For the word "object", copy every line of the material that includes it.

(SOURCE MATERIAL)

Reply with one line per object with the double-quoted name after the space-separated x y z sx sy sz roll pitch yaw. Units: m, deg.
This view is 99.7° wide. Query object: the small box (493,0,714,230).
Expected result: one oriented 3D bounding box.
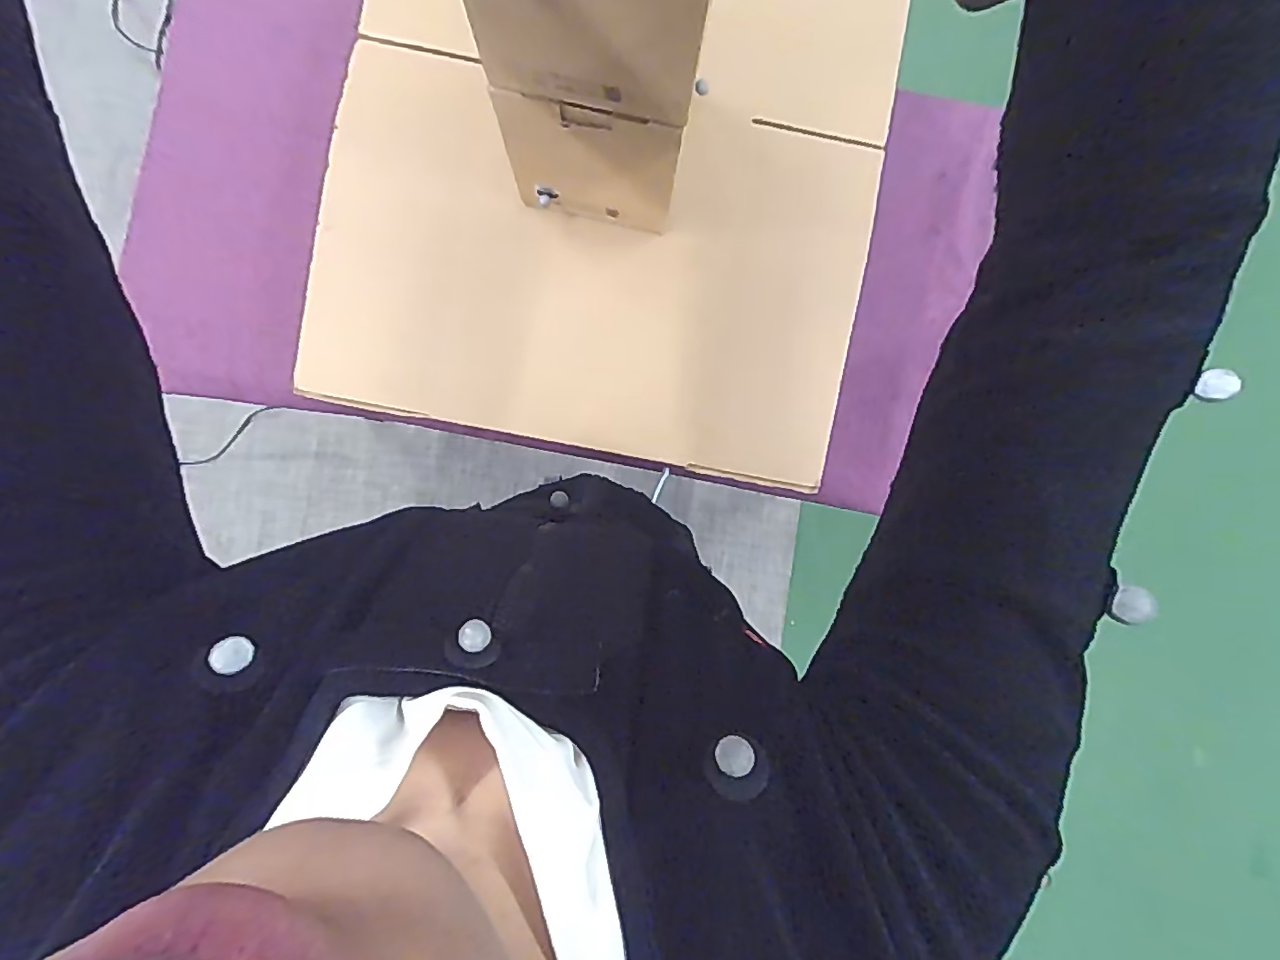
-0.028 -0.377 0.529 0.168 0.176 0.179 12 86 -2 "small box"

(End SOURCE MATERIAL)

# [ANSWER BELOW]
Reply with one line per object with the double-quoted name after the space-separated x y z sx sy sz roll pitch yaw. Units: m, deg.
This view is 99.7° wide. Query object: the small box (493,0,714,230).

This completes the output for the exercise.